Closing down a McDonald’s is an achievement many people can’t add to their résumés, but for one Italian chef, this is a reality.
Travellers who drive to Altamura in southern Italy are greeted by a small, slightly rusted sign that simply reads ‘The City of Bread’.
It carries that title for a reason because the sleepy city changed on December 2002 when an enormous yellow M that loomed above the Piazza Zanardelli was taken down and its windows shrouded.
This was the day that McDonald’s, the home of industrial fries and big macs, was shut down due to the locals love of one thing; panzerotti.
The street food pizza is made from a 10 inch, thinly rolled Sourdough pizza base that is precision loaded with ingredients before being closed to form a crescent that’s deep-fried.
But this pizza – once the staple of the 65,000 residents of Altamura – is a meal that no longer requires an EasyJet booking to get to after chef Gianni Perillo opened an entire stand dedicated to the fried delicacy in Tooting.
Panzerotto Blues in Tooting Market opened in late November and is the company’s second branch, with the first in Greenwich.
As the 40-year-old Altamura-born turned Hackney local Gianni spoke to me, dough powder on his upper lip and spindly, thin glasses on his nose, the level of enthusiasm was impossible to ignore.
It’s clearly difficult to put his passion into words, but he expresses it finely through pizza.
And that’s a language I can speak fluently in.
Gianni said: “The closure of McDonald’s in my town sparked my business.
“In London, I knew there was all types of food except for panzerotti. So, I left my wife, my son of 2 years in Italy three years ago.
“I started completely from scratch without knowing the job.

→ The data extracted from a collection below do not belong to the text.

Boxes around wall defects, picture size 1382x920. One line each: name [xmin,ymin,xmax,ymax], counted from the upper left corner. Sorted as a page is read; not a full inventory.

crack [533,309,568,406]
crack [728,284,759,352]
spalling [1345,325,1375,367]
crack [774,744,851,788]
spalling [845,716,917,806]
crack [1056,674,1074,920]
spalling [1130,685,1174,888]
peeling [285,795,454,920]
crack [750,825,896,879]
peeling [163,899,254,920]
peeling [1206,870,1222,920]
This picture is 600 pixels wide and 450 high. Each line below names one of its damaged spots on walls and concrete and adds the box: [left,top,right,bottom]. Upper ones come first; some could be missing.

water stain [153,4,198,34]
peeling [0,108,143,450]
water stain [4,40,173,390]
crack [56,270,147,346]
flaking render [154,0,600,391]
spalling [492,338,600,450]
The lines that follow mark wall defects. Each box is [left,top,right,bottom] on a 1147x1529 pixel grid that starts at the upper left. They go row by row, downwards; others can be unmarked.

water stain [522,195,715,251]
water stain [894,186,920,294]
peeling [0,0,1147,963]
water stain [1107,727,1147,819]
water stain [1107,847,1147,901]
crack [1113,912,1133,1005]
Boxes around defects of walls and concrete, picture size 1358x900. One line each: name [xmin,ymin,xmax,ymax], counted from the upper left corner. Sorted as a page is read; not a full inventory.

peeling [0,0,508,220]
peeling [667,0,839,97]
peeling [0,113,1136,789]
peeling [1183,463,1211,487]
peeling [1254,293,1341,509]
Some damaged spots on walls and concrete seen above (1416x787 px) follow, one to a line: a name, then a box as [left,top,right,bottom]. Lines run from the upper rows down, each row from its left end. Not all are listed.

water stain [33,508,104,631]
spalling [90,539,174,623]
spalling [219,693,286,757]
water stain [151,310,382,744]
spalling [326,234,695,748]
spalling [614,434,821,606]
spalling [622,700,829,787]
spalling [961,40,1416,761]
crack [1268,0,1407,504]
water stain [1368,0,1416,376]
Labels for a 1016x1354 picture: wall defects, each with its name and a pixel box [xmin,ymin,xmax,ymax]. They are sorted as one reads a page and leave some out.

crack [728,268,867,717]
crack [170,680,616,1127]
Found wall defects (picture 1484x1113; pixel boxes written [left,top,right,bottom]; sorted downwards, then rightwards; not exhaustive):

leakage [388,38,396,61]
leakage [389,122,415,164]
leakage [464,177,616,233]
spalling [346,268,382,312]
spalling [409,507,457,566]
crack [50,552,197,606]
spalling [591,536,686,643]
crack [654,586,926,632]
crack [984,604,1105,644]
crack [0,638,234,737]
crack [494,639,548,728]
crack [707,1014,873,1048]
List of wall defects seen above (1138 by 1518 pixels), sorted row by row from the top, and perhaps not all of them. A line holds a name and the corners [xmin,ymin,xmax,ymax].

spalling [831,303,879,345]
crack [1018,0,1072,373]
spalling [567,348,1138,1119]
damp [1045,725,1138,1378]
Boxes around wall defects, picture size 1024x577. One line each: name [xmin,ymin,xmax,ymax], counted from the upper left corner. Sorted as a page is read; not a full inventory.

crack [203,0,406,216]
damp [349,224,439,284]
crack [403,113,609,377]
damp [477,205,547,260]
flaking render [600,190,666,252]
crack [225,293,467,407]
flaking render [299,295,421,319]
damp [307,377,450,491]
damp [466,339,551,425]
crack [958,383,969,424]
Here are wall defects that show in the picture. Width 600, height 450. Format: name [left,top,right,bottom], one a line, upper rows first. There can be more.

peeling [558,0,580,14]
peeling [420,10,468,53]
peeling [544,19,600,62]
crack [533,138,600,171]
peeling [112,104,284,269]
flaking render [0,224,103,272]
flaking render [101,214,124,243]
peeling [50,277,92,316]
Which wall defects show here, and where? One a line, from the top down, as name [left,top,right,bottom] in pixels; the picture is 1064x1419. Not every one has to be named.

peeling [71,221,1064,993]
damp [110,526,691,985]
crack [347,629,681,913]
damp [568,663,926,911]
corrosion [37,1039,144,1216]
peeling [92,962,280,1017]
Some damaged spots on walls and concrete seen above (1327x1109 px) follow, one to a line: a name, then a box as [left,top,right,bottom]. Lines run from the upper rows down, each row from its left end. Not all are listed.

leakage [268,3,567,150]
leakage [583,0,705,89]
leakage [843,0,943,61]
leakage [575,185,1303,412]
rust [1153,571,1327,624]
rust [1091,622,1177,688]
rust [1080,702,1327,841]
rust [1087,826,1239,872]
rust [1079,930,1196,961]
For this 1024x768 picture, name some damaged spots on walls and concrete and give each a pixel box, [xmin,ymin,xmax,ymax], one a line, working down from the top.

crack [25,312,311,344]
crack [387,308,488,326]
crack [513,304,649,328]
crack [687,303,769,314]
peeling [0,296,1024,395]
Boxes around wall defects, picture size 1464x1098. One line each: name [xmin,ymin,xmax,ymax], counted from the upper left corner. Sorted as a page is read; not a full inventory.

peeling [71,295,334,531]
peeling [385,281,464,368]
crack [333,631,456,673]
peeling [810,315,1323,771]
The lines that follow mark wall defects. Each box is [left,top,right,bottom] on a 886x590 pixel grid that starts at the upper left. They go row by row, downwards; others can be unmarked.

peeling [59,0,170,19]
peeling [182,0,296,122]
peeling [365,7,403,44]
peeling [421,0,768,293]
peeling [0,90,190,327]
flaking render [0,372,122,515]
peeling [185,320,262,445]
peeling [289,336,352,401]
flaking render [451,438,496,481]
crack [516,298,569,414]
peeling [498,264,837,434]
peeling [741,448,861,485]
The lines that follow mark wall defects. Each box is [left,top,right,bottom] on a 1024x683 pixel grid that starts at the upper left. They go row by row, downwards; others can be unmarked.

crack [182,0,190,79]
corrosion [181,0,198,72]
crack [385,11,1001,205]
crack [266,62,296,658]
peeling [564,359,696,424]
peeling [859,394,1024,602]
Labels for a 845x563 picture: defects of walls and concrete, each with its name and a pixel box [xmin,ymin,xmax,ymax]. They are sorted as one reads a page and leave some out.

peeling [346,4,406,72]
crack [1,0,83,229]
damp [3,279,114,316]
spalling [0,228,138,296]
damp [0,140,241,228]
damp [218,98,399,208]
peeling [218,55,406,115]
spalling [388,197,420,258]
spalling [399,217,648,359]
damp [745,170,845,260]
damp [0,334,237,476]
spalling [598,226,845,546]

I only learnt because my mother’s cousin is a baker of 50 years.”
While there is a pre-set menu with both non-vegan and vegan options, Gianni encourages customers to order out of the box with his laundry bag of fresh organic ingredients.
When you order, a grid of ingredients stands between you and Gianni, who was uncharacteristically alone today: “I usually work in a team of three of me, my wife, and a third staff member.”
He tirelessly plods the dough before throwing it into a small frier in the back of the cosy stall, vent humming, lines of Mutti-branded Italian tomato cans of looking on.
Ordering the panz-chicken (£7) I asked if cutlery was available – Gianni replied with a resounding but cheeky ‘No’.
And that’s because a perk of panzerotti is being able to hold and eat it in one hand while sipping on a beverage (Gianni recommended wine) in the other.
Panzerotti literally translates as ‘swollen belly’ and it’s difficult for that not to be the outcome of an evening spent at Panzerotto Blues as it was hard not to order a second (or fifth) pizza.
With Mutti tomato sauce, mozzarella, British chicken marinated in ‘Mama’s secret recipe’ and seasoning, the sauce bursts when you take your first bite of the panz-chicken.
Living in Hackney with his wife and now 6-year-old son, Gianni is happy to commute to Tooting each day: “I realised that Tooting is an upcoming and trendy area, so, I said ‘Why not invest?’”
After three years studying economics in Italy and folding into a job in petroleum sales management, he said: “It wasn’t easy to leave a good job with a good salary, but when I got a chance I said, ‘This is the moment’.
“After 12 years of something so sure, to go to something completely unsure – leaving my town, my country. Going to a city with over 10 million people, without knowing the language, the laws, the job, without knowing anything!
“In the beginning, it was very difficult. But step by step – if you have the will – anything is possible.”